Is working for quite some time now.

[johan-van-marion]

@WeterPeter good the heart it's still working. Do you by accident still have the SD content/files you used? I think i'm still missing a piece of the "puzzle" cause i'm getting the returns from other url's but when using the hack url i'm still getting the HTTP 500 error.
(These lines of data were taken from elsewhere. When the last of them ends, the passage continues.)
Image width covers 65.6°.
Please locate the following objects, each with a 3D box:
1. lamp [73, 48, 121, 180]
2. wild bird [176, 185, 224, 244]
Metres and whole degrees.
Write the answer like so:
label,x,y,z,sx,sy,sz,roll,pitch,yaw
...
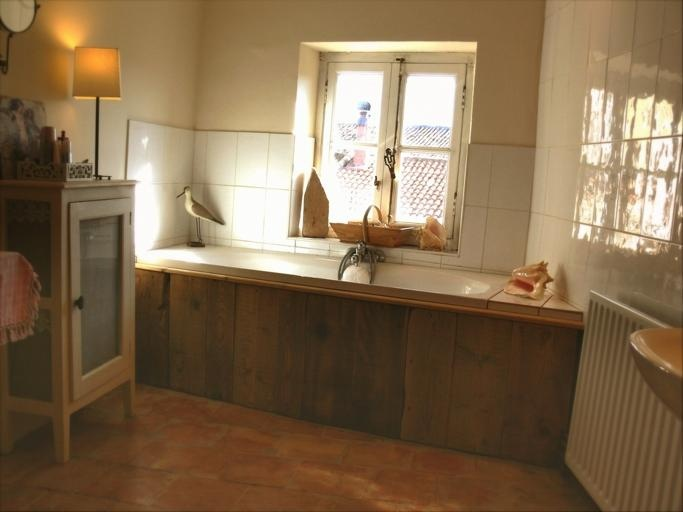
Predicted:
label,x,y,z,sx,sy,sz,roll,pitch,yaw
lamp,-1.286,-0.762,2.798,0.227,0.677,0.433,-3,11,-27
wild bird,-0.984,-0.279,3.739,0.317,0.408,0.296,4,10,9

Maybe by comparing content i can solve this.

[WeterPeter]

Are you sure you have a doorbell running major version 2? Because if you have version 3, you have a completely different OS on is which is not Linux based. You can find out the version in the Tuya/LCE app.

[johan-van-marion]

@WeterPeter i'm not sure i follow you?
The Tuya app shows:
Main module 5.2.2
MCU 5.2.2
It's a Nedis wificdp10gy video Doorbell.
I tried the ja k but getting some were, but no luck applying the hack it self

[WeterPeter]

Sorry but your doorbell is too new, there is no Linux running on it. You need to find a doorbell with version 2 firmware to be able to hack it.

[guino]

We have a confirmed report of a 5.2.4 version being rooted, but I have no confirmed report of a 5.2.2 -- so we don't know for sure if his 5.2.2 is linux (could be based on the /proc/cmdline information) and most importantly we don't know if the load address changed (which would require modifying the address in the files).